§ Records from a collection
════

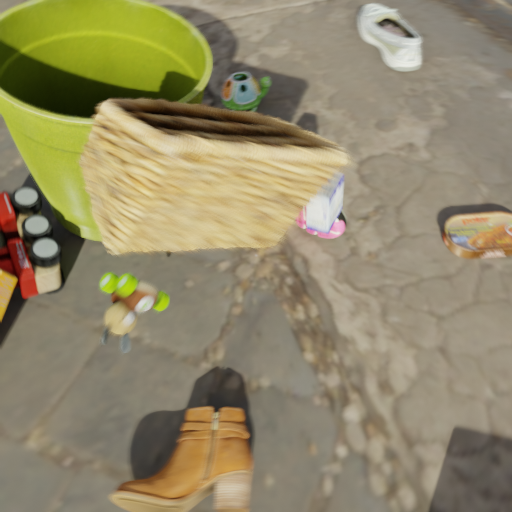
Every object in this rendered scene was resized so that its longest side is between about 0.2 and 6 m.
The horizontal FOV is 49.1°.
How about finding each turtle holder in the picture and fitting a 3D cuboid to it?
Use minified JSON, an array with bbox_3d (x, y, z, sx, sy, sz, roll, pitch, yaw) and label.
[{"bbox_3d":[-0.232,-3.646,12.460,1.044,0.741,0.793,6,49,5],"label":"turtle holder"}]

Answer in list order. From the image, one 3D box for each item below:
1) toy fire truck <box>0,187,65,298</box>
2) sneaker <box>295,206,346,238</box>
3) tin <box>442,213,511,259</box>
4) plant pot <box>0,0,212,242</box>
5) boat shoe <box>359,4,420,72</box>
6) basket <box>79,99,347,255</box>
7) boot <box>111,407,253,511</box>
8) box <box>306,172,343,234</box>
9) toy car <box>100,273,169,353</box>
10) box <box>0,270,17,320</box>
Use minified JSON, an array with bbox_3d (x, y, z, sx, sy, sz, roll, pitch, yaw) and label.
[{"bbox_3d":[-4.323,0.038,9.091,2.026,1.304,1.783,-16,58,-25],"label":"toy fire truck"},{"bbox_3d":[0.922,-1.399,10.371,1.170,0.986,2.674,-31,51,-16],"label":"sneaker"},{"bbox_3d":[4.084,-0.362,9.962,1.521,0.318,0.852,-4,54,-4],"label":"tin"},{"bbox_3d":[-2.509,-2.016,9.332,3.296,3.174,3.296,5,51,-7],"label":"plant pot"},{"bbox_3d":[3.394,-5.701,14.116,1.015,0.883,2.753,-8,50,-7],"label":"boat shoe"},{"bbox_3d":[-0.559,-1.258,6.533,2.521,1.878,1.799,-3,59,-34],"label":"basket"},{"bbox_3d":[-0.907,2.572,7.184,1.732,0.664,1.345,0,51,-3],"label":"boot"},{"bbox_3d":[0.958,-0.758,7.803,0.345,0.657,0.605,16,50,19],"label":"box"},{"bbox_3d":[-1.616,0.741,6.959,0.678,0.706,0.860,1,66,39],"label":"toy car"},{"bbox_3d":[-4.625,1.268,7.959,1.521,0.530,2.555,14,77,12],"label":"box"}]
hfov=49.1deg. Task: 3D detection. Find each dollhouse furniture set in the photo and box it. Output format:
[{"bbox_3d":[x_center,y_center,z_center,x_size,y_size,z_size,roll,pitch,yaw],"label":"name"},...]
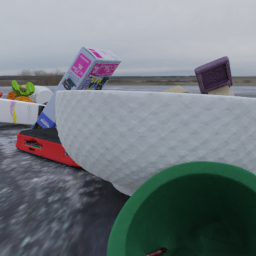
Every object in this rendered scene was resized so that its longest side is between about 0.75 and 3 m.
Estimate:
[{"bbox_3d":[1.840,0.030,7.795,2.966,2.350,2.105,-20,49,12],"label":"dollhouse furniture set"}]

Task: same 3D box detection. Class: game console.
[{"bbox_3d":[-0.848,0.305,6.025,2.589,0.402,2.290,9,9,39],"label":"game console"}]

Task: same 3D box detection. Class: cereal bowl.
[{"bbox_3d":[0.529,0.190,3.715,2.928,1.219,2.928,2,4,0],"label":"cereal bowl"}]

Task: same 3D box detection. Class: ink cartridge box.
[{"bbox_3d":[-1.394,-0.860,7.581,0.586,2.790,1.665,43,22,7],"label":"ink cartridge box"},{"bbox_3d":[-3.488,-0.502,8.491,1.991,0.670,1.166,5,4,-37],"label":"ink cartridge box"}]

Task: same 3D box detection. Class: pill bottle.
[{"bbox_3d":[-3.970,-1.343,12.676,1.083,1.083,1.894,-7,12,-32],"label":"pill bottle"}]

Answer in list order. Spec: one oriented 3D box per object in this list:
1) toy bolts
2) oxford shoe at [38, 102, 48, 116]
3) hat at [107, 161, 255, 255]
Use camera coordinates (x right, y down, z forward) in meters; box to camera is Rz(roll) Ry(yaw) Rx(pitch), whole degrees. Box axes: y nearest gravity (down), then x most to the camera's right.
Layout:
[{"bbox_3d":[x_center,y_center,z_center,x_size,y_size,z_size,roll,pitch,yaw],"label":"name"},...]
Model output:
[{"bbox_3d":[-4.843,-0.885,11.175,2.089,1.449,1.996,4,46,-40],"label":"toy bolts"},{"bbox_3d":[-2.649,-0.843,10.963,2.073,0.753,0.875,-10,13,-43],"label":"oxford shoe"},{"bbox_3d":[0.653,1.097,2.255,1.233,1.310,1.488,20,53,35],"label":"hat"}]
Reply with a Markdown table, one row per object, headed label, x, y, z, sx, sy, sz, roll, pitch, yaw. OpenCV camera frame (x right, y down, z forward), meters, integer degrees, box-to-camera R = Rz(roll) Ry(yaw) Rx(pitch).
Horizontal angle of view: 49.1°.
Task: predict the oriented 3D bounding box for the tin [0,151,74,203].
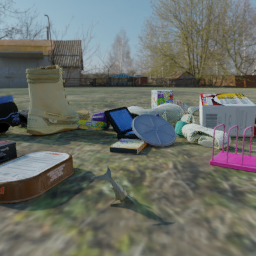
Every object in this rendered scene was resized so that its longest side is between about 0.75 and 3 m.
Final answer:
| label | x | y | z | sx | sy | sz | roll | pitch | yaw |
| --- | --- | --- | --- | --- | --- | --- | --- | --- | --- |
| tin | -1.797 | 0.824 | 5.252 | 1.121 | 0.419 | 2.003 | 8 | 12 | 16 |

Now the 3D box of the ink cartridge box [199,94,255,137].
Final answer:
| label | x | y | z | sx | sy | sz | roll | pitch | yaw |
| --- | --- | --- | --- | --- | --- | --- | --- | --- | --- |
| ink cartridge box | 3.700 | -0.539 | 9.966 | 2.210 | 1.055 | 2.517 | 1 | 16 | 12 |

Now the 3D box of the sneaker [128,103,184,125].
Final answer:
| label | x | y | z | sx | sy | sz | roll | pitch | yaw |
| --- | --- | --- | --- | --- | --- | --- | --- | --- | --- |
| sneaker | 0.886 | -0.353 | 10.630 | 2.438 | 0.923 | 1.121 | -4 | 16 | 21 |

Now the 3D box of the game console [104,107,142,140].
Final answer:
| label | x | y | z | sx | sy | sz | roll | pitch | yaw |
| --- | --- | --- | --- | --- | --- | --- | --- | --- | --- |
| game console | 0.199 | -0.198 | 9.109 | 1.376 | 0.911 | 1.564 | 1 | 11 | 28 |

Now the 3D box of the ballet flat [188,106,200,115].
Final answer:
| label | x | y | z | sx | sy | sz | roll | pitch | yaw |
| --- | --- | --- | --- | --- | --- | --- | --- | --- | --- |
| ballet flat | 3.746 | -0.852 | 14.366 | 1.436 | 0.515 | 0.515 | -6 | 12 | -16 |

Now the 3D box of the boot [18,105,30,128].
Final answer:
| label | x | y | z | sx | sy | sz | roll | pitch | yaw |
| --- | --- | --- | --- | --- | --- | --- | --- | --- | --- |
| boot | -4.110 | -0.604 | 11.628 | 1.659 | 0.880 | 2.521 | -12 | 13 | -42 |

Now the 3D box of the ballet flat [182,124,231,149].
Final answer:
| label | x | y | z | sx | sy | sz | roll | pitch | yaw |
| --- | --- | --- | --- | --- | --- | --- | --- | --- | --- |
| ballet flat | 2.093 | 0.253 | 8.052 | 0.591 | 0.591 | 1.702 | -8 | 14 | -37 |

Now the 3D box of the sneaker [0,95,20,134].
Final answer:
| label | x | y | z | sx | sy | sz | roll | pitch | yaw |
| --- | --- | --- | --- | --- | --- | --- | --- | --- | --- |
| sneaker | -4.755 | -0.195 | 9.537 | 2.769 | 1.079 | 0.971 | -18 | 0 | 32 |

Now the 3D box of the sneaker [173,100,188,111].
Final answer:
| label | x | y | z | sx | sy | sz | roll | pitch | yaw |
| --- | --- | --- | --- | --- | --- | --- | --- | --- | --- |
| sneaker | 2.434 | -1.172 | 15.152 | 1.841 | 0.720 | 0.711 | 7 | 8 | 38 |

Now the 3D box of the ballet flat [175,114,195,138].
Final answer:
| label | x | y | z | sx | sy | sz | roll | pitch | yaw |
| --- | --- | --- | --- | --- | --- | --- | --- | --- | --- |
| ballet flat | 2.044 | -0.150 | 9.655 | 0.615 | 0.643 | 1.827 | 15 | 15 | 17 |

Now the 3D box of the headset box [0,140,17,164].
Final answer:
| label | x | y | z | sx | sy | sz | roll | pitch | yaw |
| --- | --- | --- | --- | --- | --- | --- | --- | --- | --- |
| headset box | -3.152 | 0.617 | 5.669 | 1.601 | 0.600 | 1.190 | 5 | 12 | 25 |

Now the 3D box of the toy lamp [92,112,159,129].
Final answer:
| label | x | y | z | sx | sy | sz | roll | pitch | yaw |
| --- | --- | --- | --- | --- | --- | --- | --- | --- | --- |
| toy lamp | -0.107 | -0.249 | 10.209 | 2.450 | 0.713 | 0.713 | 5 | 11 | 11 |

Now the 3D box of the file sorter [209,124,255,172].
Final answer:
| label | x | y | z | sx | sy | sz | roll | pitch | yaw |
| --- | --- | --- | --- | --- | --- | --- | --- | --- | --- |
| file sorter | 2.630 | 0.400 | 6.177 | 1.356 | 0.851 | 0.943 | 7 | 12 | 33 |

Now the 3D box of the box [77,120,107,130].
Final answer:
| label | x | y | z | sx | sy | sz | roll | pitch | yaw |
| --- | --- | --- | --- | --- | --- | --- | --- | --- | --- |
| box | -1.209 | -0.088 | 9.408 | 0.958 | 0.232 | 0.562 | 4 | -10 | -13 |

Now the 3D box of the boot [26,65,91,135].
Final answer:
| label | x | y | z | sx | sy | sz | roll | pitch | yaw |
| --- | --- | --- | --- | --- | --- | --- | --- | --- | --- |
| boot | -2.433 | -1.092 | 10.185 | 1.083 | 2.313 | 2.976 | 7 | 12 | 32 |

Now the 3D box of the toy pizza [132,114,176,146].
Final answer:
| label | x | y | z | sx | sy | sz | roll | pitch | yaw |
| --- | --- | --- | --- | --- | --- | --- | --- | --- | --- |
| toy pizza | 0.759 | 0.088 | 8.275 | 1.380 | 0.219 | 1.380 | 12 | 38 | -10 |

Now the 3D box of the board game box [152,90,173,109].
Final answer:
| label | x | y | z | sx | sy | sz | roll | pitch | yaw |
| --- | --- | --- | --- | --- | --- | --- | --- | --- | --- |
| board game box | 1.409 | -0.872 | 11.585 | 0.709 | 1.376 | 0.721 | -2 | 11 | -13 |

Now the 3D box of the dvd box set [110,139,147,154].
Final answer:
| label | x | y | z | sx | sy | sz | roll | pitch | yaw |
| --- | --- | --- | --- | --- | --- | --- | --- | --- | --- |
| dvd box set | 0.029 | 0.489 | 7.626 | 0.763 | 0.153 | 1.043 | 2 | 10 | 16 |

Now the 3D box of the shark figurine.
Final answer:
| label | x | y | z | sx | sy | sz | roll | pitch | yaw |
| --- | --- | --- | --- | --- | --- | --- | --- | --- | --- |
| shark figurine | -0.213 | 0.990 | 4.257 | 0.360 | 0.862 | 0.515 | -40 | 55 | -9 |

════

§ THE PROBLEM
Among the records above, find the lines that contain "oriented" and copy every one.

§ RESULT BELOW
Answer in list order. Spec: one oriented 3D box per object in this list:
Task: predict the oriented 3D bounding box for the tin [0,151,74,203].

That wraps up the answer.